Con: It would have only fit three of us. “Anyway, who’s going to be out on a night like this to see me drive it?” He paused. “And where the hell is Ahab?”

  “Here.” I waved my good arm through the tent flap.

  “There was an accident,” Juliette said. He didn’t wait for her to finish. I heard the Soov door open and a pair of feet sloshing through the mud. The tent flap lifted and my father’s round face appeared. He scanned me up and down, methodically, the way scientists do when they’re watching for a deviation in their results.

  “Arm?” he said.

  “And ankle.”

  “Can you put any weight on it?” I tried to wiggle it. Bad idea; pain raced through my leg.

  I shook my head, wondering why it hurt so much when it was other parts of me that felt broken. “And head,” I added.

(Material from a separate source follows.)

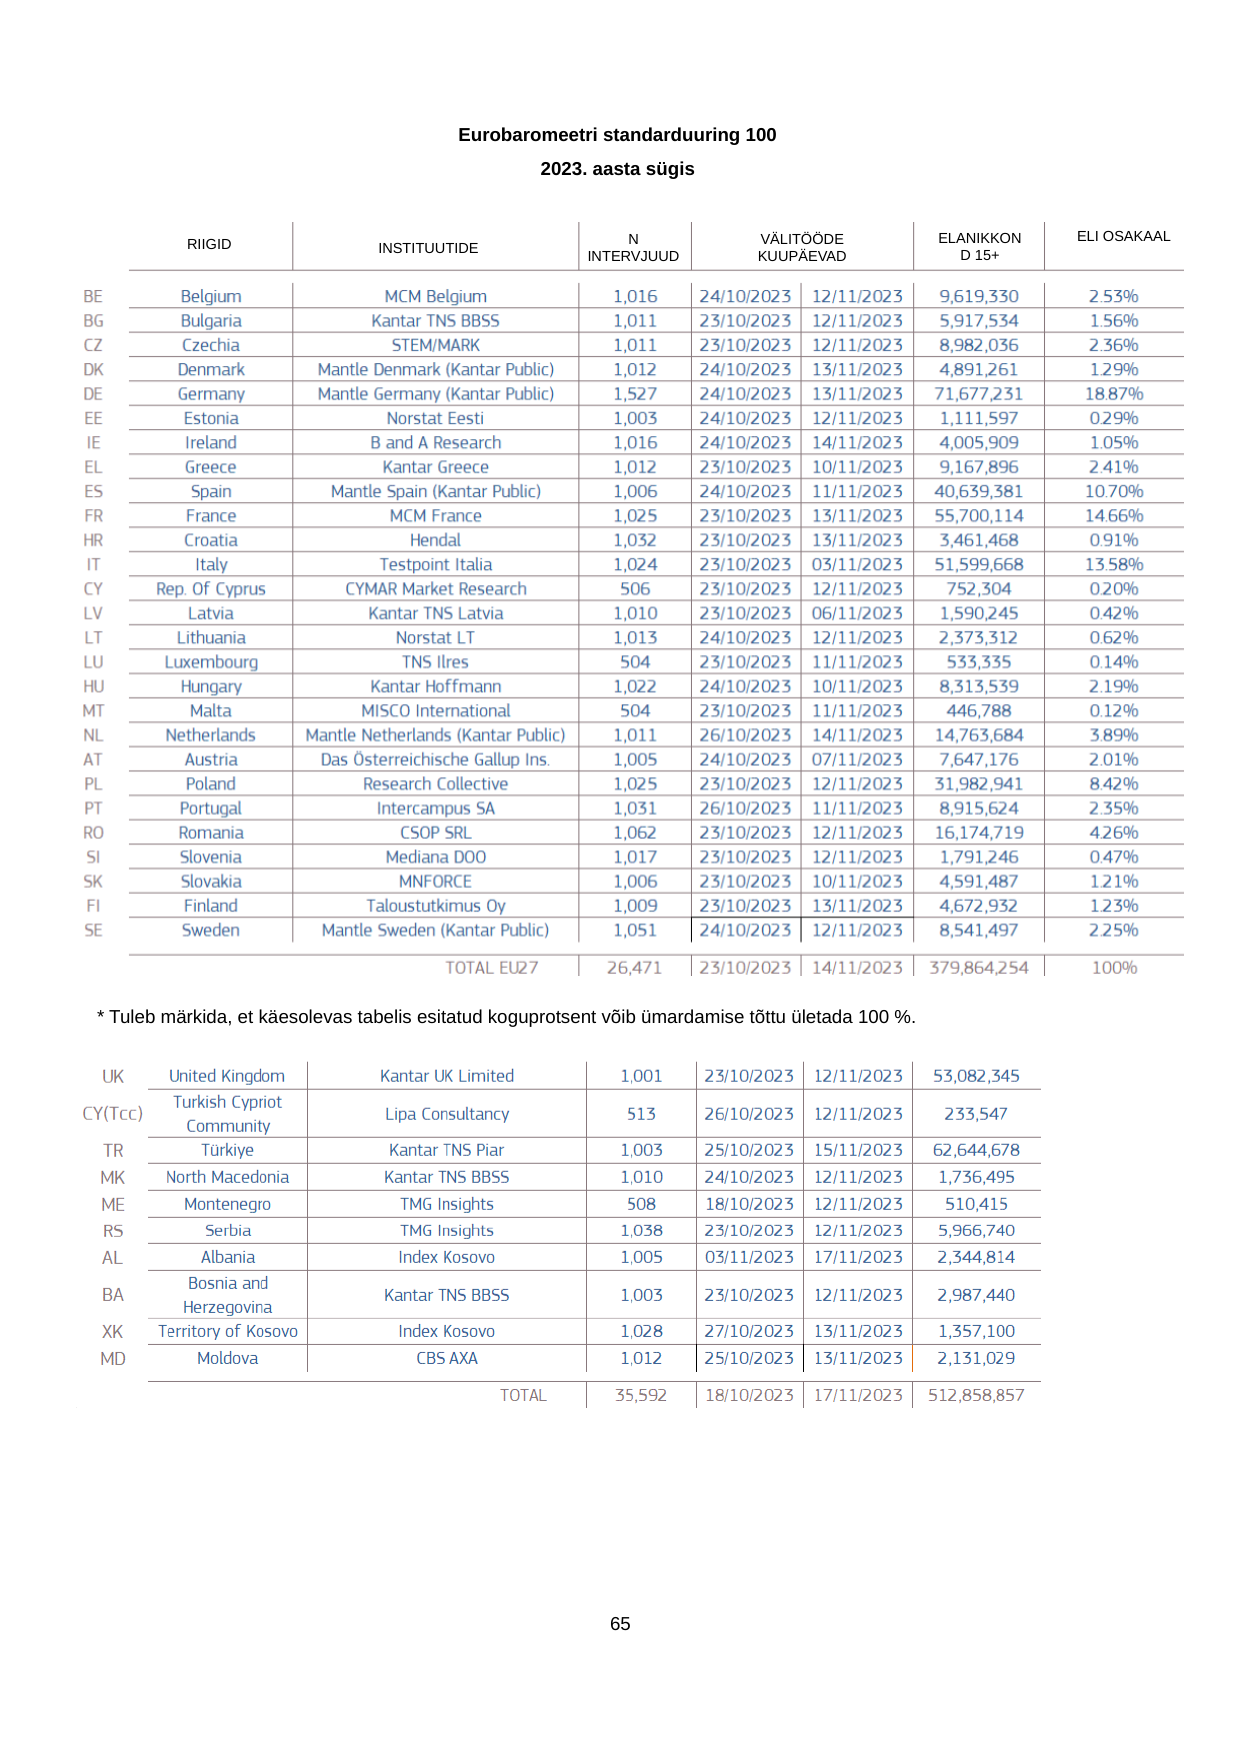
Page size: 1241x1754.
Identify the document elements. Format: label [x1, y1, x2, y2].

picture [76, 1050, 1094, 1408]
picture [61, 221, 1184, 976]

  He bent down and lifted the towel that was covering the bleeding part of my arm. Then he put it back and looked away. “I’ve seen worse,” he said, but he didn’t sound convincing. “Let’s pull that on a little tighter.” He wrapped the towel around me so I could feel the pressure. Then he reached down and scooped me up. Pain raced through my ankle when it moved. I saw light, but it wasn’t from the car. “Easy,” my dad said. “Easy.” He put me in the back seat of the Soov. My wet clothes stuck to the seat.

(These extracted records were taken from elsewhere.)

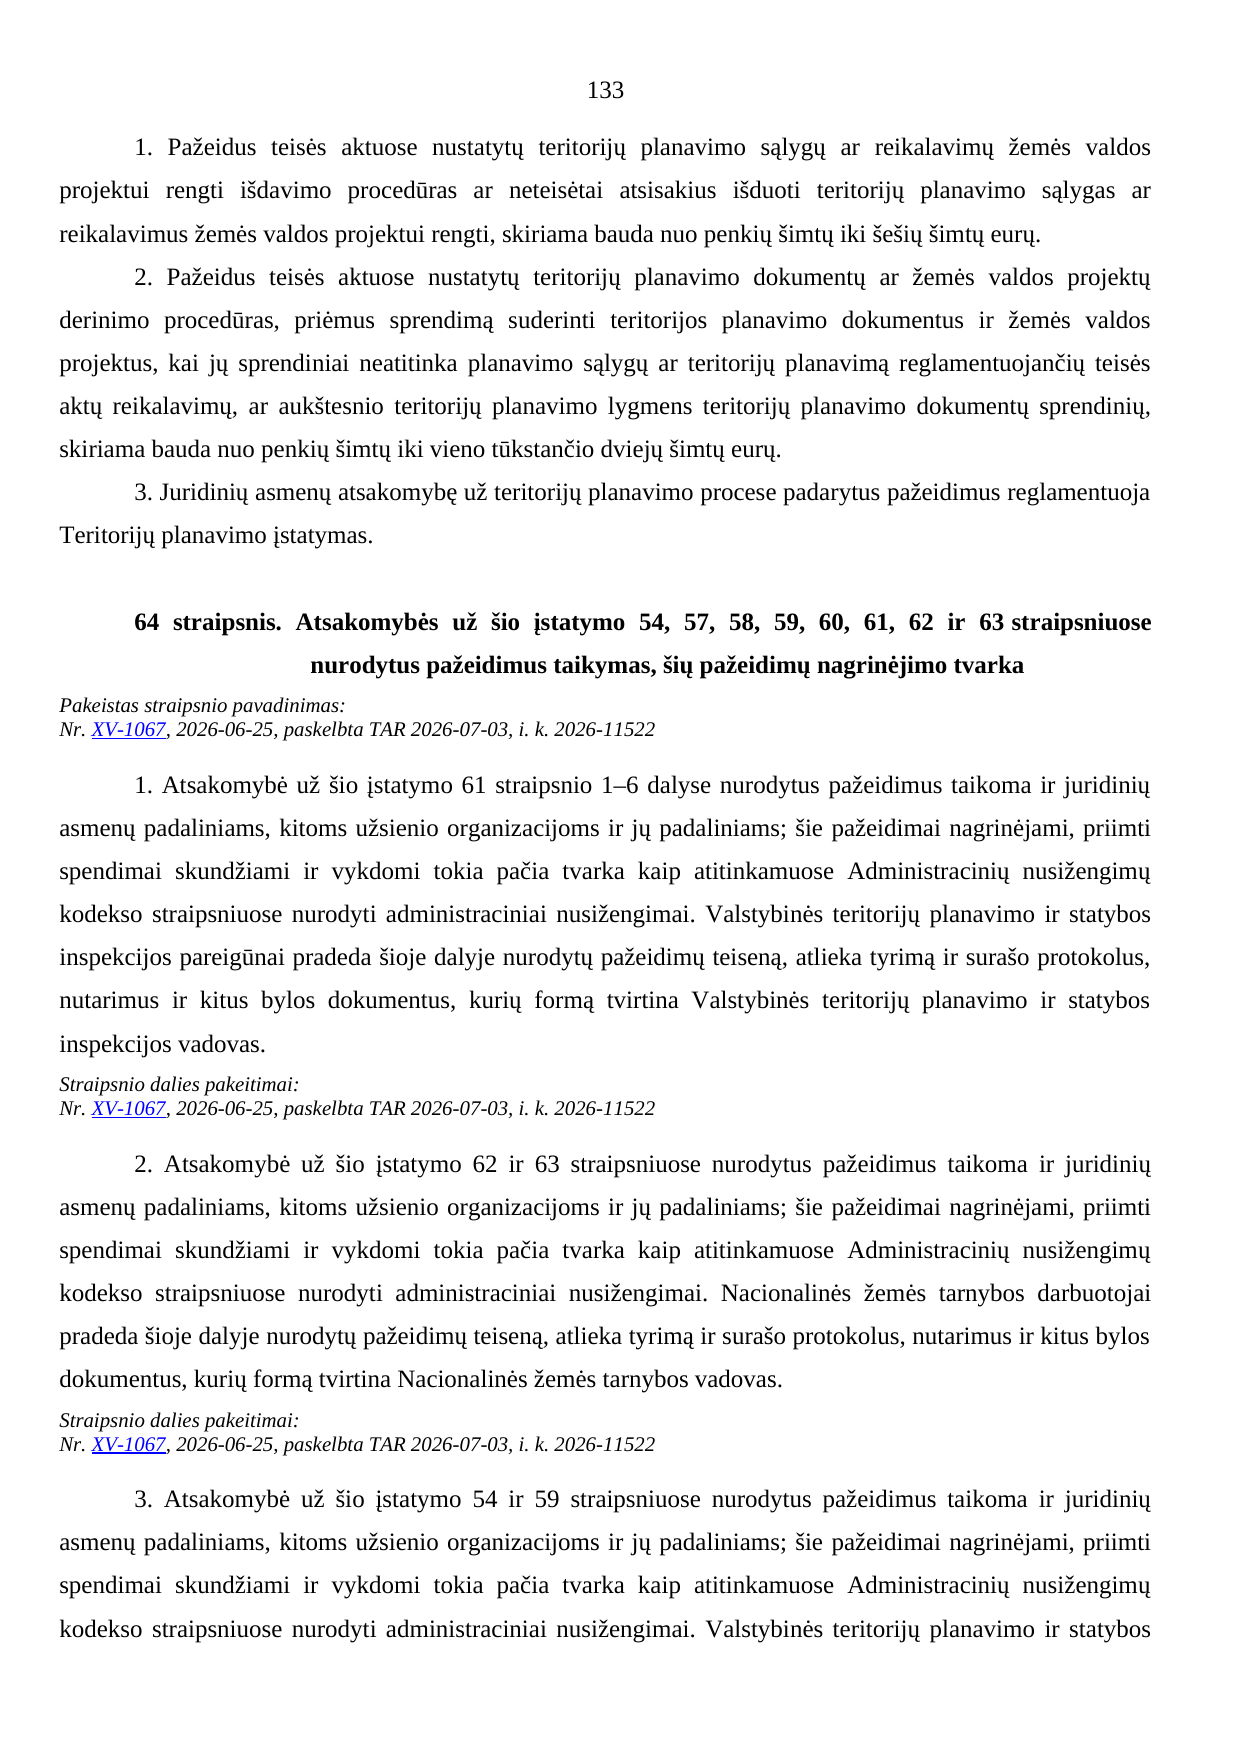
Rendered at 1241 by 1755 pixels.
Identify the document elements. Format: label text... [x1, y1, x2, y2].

text Nr. XV-1067, 2026-06-25, paskelbta TAR 2026-07-03, i. k. 2026-11522 [59, 717, 1152, 741]
text Nr. XV-1067, 2026-06-25, paskelbta TAR 2026-07-03, i. k. 2026-11522 [59, 1096, 1152, 1120]
text Straipsnio dalies pakeitimai: [59, 1407, 1152, 1432]
text 1. Atsakomybė už šio įstatymo 61 straipsnio 1–6 dalyse nurodytus pažeidimus taikoma ir juridinių asmenų padaliniams, kitoms užsienio organizacijoms ir jų padaliniams; šie pažeidimai nagrinėjami, priimti spendimai skundžiami ir vykdomi tokia pačia tvarka kaip atitinkamuose Administracinių nusižengimų kodekso straipsniuose nurodyti administraciniai nusižengimai. Valstybinės teritorijų planavimo ir statybos inspekcijos pareigūnai pradeda šioje dalyje nurodytų pažeidimų teiseną, atlieka tyrimą ir surašo protokolus, nutarimus ir kitus bylos dokumentus, kurių formą tvirtina Valstybinės teritorijų planavimo ir statybos inspekcijos vadovas. [59, 770, 1152, 1057]
text Nr. XV-1067, 2026-06-25, paskelbta TAR 2026-07-03, i. k. 2026-11522 [59, 1432, 1152, 1456]
text 3. Atsakomybė už šio įstatymo 54 ir 59 straipsniuose nurodytus pažeidimus taikoma ir juridinių asmenų padaliniams, kitoms užsienio organizacijoms ir jų padaliniams; šie pažeidimai nagrinėjami, priimti spendimai skundžiami ir vykdomi tokia pačia tvarka kaip atitinkamuose Administracinių nusižengimų kodekso straipsniuose nurodyti administraciniai nusižengimai. Valstybinės teritorijų planavimo ir statybos [59, 1484, 1152, 1642]
text 64 straipsnis. Atsakomybės už šio įstatymo 54, 57, 58, 59, 60, 61, 62 ir 63 straipsniuose nurodytus pažeidimus taikymas, šių pažeidimų nagrinėjimo tvarka [134, 607, 1152, 679]
text 1. Pažeidus teisės aktuose nustatytų teritorijų planavimo sąlygų ar reikalavimų žemės valdos projektui rengti išdavimo procedūras ar neteisėtai atsisakius išduoti teritorijų planavimo sąlygas ar reikalavimus žemės valdos projektui rengti, skiriama bauda nuo penkių šimtų iki šešių šimtų eurų. [59, 132, 1152, 247]
text Pakeistas straipsnio pavadinimas: [59, 693, 1152, 717]
text 2. Pažeidus teisės aktuose nustatytų teritorijų planavimo dokumentų ar žemės valdos projektų derinimo procedūras, priėmus sprendimą suderinti teritorijos planavimo dokumentus ir žemės valdos projektus, kai jų sprendiniai neatitinka planavimo sąlygų ar teritorijų planavimą reglamentuojančių teisės aktų reikalavimų, ar aukštesnio teritorijų planavimo lygmens teritorijų planavimo dokumentų sprendinių, skiriama bauda nuo penkių šimtų iki vieno tūkstančio dviejų šimtų eurų. [59, 262, 1152, 463]
text 3. Juridinių asmenų atsakomybę už teritorijų planavimo procese padarytus pažeidimus reglamentuoja Teritorijų planavimo įstatymas. [59, 477, 1152, 549]
text Straipsnio dalies pakeitimai: [59, 1072, 1152, 1096]
text 2. Atsakomybė už šio įstatymo 62 ir 63 straipsniuose nurodytus pažeidimus taikoma ir juridinių asmenų padaliniams, kitoms užsienio organizacijoms ir jų padaliniams; šie pažeidimai nagrinėjami, priimti spendimai skundžiami ir vykdomi tokia pačia tvarka kaip atitinkamuose Administracinių nusižengimų kodekso straipsniuose nurodyti administraciniai nusižengimai. Nacionalinės žemės tarnybos darbuotojai pradeda šioje dalyje nurodytų pažeidimų teiseną, atlieka tyrimą ir surašo protokolus, nutarimus ir kitus bylos dokumentus, kurių formą tvirtina Nacionalinės žemės tarnybos vadovas. [59, 1149, 1152, 1393]

  “Pack it up, kids,” he said.

  He did not mean me. My friends packed up our gear and loaded it into the Soov while I lay splayed out in the back. He was right: There was room inside for all of us. The Soov even had an attachment for our bikes.

  Juliette took the passenger seat. Davy, Leroy, and Delph sat in the wayback, leaving me the whole middle to myself and my ankle, which felt like it was on fire.

  “One of you help Ahab,” my dad said. Between the two front seats, I could see the silhouette of his face. I thought about Derek and his dad, carbon copies of each other. My dad and I were nothing alike—not our hair, not our height, not our ideas about the universe. He’d never saved the world. But he might have tried once. And he’d come north to save me.